Shepherd writes pretty good combat sequences, and his prose flows well, but the books lacked the structural elements of literature that really make a book worth reading.
Do Black Women Read Comic Books?
December 10th, 2009You may already know the answer to this question. If you're a Sequential Tart, you almost certainly do know the answer. But I didn't and it's something I was wondering recently.
Black men definitely read comic books; I would not be at all surprised if the percentage of comic book aficionados who are black was greater than the percentage of the general population who are. A majority of the clientele at my local comic book store in College Park MD were African-American. Comic books have spoken to black kids as well as white since at least the 1970s (if not even earlier).
But women into comic books are uncommon - certainly less as a percentage than their proportion in the general population - and although in my two decades of Con-going comic book geekdom I have spoken with Asian, Hispanic, SE Asian, and all sorts of Caucasian women who are into comic books, my personal experience has not had me talking comics with any black female comic book fans. So I wondered.
Anyhow, the answer is yes. Felicia D. Henderson began writing Teen Titans this summer, and has the following to say:
I am a long time comic book fan. I was a sickly child, which meant lots of time on the Asthma inhaler and lots of time in the house while my brothers and sisters played outside. So I created my own alternate universe and comic books helped me do that. My sisters were reading Archies and I was reading “Batman” and coming up with ways the villains could take out my younger brother. Yes, I was dark even at ten years old.
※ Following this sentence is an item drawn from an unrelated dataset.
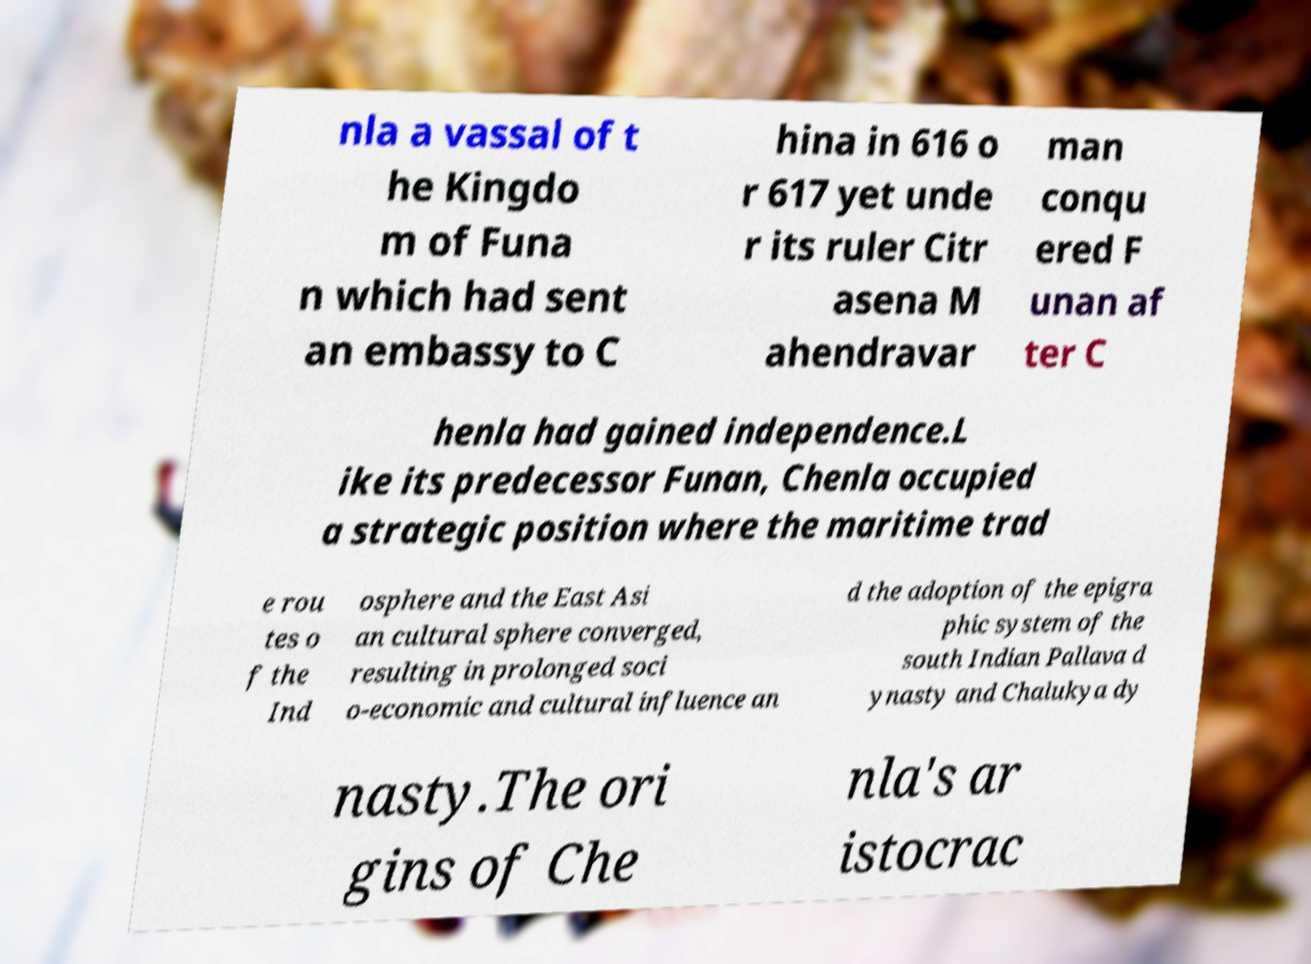Could you assist in decoding the text presented in this image and type it out clearly? nla a vassal of t he Kingdo m of Funa n which had sent an embassy to C hina in 616 o r 617 yet unde r its ruler Citr asena M ahendravar man conqu ered F unan af ter C henla had gained independence.L ike its predecessor Funan, Chenla occupied a strategic position where the maritime trad e rou tes o f the Ind osphere and the East Asi an cultural sphere converged, resulting in prolonged soci o-economic and cultural influence an d the adoption of the epigra phic system of the south Indian Pallava d ynasty and Chalukya dy nasty.The ori gins of Che nla's ar istocrac

So it appears to be a hole in my experience, rather than a lack of interest in the medium on their part (at least, no greater than the lack of interest on the part of the female gender as a whole.) So that's good. I like it when people read comics and I like it when comics speak to as many people as possible. Clearly I just need to get out more, go to some conventions outside of San Diego and the SF Bay Area.
Corollary
December 9th, 2009When you have a chainsaw, all sorts of problems suddenly look like they can be solved with a chainsaw.
Doch
December 8th, 2009One of the side benefits of listening to Rammstein is that it improves my admittedly feeble German vocabulary.
New from 'Leibe is für alle da':
Haifisch = Shark
Einschalten = Energize/Switch On
I have to say, though I love English and can extol her virtues ad nauseum, German really is a perfect language for serious rocking out.